在APP界面,点击Home键后会打开一个悬浮窗,以表示APP在后台运行。点击悬浮窗上的按键会返回APP。就是这么一个简单的过程,却无意中发现了这个BUG。当我点击Home键后,回到主桌面,然后点击悬浮窗上的按钮返回APP,而APP不会马上返回,需要延时一段时间才会启动,开始我以为是APP初始化比较耗时引起的,但这个怀疑马上就被打消了,因为我点击Back键后,回到主桌面,再点击悬浮窗上的按钮返回APP,非常迅速的就启动了。同时,我在主桌面上点击APP,也是非常迅速的就启动了。Why?这里就存在两个问题了:
启动Activity,我们都知道是调用startActivity,startActivity在framework中的调用流程,真正有用的就是下面startActivityLocked这个函数了。
、、frameworks/base/services/core/java/com/android/server/wm/ActivityStarter.java
final int startActivityLocked() {
...
final ActivityStack stack = getFocusedStack();
//下面的两个判断条件就是真正影响Activity是否延时启动的关键
//这里的uid比较就是对应了我们上面的问题2. 点击Home键,再点击主桌面的APP也不会延时启动。
//在主桌面点击APP,它的uid和callingUid是相等的所以不会进入下面的判断,会退出if条件,执行后面的方法。也就不会加入延时列表直接启动了。

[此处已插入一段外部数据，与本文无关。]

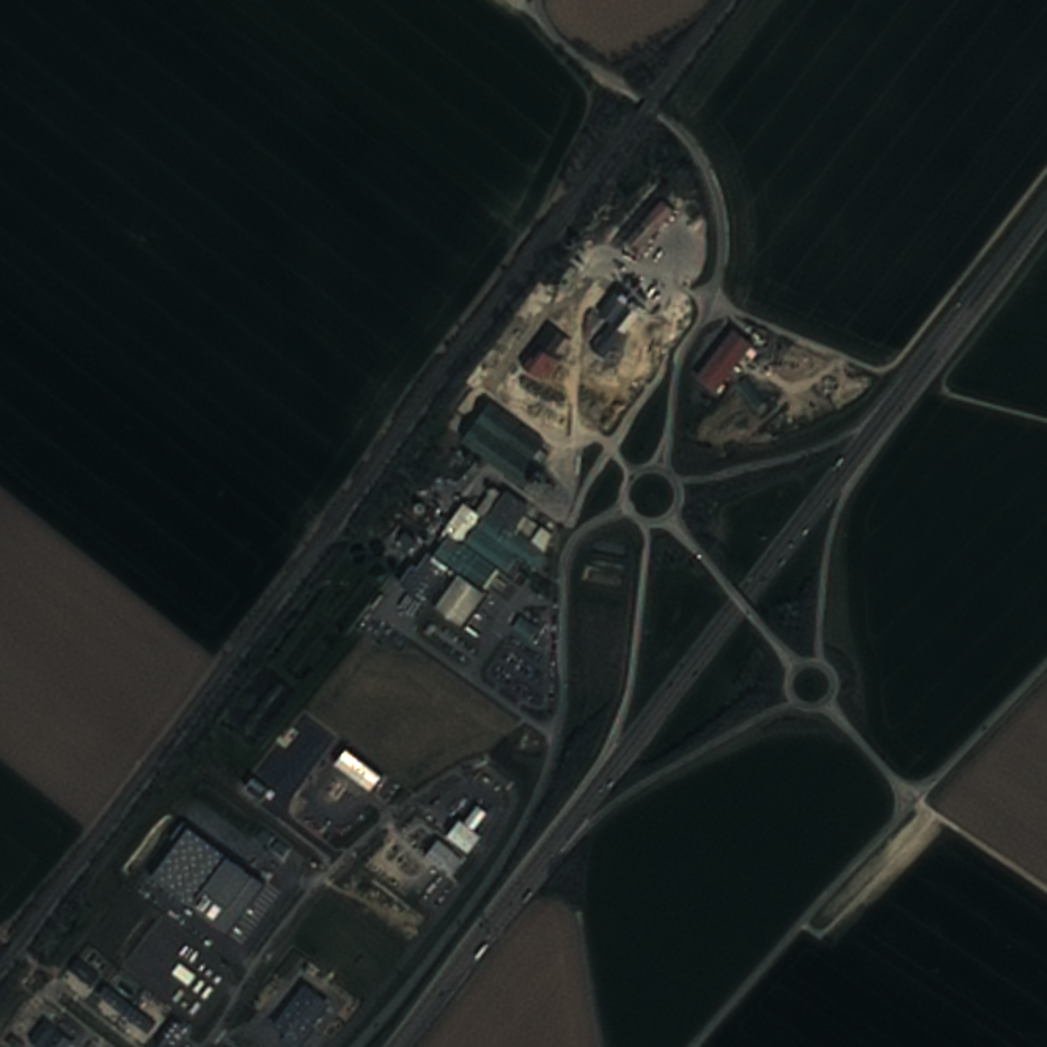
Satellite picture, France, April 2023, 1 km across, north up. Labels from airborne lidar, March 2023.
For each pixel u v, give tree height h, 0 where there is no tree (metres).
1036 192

if (stack.mResumedActivity == null || stack.mResumedActivity.info.applicationInfo.uid != callingUid) {
//如果条件都满足Activity启动将放到延时启动列表中
//checkAppSwitchAllowedLocked在ActivityManagerService中,代码在下面
if (!mService.checkAppSwitchAllowedLocked(callingPid, callingUid, "Activity start")) {
PendingActivityLaunch pal = new PendingActivityLaunch(r, sourceRecord, startFlags, stack);
mService.mPendingActivityLaunches.add(pal);
setDismissKeyguard(false);
ActivityOptions.abort(options);
return ActivityManager.START_SWITCHES_CANCELED;
}
}
...
err = startActivityUncheckedLocked(r, sourceRecord, startFlags, true, options);
...
}
//frameworks/base/services/core/java/com/android/server/wm/ActivityTaskManagerService.java
// Amount of time after a call to stopAppSwitches() during which we will
// prevent further untrusted switches from happening.

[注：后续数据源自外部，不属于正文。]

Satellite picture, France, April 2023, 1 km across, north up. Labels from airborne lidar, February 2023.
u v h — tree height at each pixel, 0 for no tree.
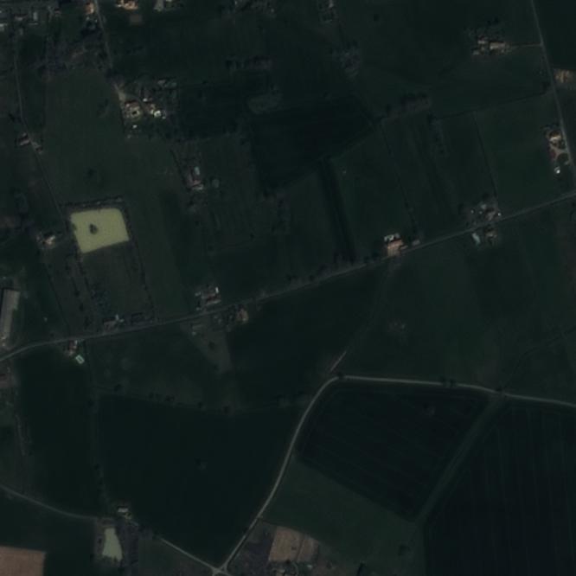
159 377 0
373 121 0
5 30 0
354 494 0
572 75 0
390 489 0
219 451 0
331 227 0
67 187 0
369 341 0
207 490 0
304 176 0
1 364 0
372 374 0
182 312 0
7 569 0
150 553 0
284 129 0
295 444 0
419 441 0
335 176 0
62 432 0
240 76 0
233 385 0
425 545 0
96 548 0
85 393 0
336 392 0
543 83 0
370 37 0
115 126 0
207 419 0
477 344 0
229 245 0
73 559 0
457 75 0
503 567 0
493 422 0
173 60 0
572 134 0
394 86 0
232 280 0
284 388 0
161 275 0
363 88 0
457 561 0
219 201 0
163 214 0
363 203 0
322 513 0
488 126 0
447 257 0
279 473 0
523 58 0
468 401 0
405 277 0
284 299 0
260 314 0
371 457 0
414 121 0
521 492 0
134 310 0
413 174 0
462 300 0
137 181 0
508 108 0
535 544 0
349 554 0
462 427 0
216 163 0
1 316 0
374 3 0
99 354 0
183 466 0
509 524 0
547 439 0
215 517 0
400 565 0
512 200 0
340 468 0
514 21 0
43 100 0
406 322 0
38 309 0
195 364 0
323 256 0
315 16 0
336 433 0
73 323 0
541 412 0
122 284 0
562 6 0
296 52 0
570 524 0
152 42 0
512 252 0
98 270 0
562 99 0
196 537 0
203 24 0
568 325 0
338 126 0
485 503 0
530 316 0
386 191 0
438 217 0
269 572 11
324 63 0
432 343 0
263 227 0
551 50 0
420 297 0
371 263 17
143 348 0
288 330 0
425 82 0
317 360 0
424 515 0
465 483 0
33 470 0
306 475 0
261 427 0
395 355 0
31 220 21
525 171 0
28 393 0

static final long APP_SWITCH_DELAY_TIME = 5*1000;
//这里有两个判断条件,如果都不满足,就会返回false,返回false就会加入到延时列表中了
boolean checkAppSwitchAllowedLocked(int callingPid, int callingUid,
String name) {
//mAppSwitchesAllowedTime的时间小于当前的系统时间不会延时
//mAppSwitchesAllowedTime的赋值在stopAppSwitches函数中
if (mAppSwitchesAllowedTime < SystemClock.uptimeMillis()) {
return true;
}
//权限检测,如果APP有STOP_APP_SWITCHES权限不会延时
final int perm = checkComponentPermission(
android.Manifest.permission.STOP_APP_SWITCHES, callingPid,
callingUid, -1, true);
if (perm == PackageManager.PERMISSION_GRANTED) {
return true;
}
Slog.w(TAG, name + " request from " + callingUid + " stopped");
return false;
}
public void stopAppSwitches() {
if (checkCallingPermission(android.Manifest.permission.STOP_APP_SWITCHES)
!= PackageManager.PERMISSION_GRANTED) {
throw new SecurityException("Requires permission "
+ android.Manifest.permission.STOP_APP_SWITCHES);
}
synchronized(this) {
//调用stopAppSwitches函数后,mAppSwitchesAllowedTime会在当前系统的时间上加上5秒
mAppSwitchesAllowedTime = SystemClock.uptimeMillis()
+ APP_SWITCH_DELAY_TIME;
mDidAppSwitch = false;
mHandler.removeMessages(DO_PENDING_ACTIVITY_LAUNCHES_MSG);
Message msg = mHandler.obtainMessage(DO_PENDING_ACTIVITY_LAUNCHES_MSG);
//延时5秒后发送DO_PENDING_ACTIVITY_LAUNCHES_MSG消息,它的处理在doPendingActivityLaunchesLocked函数中。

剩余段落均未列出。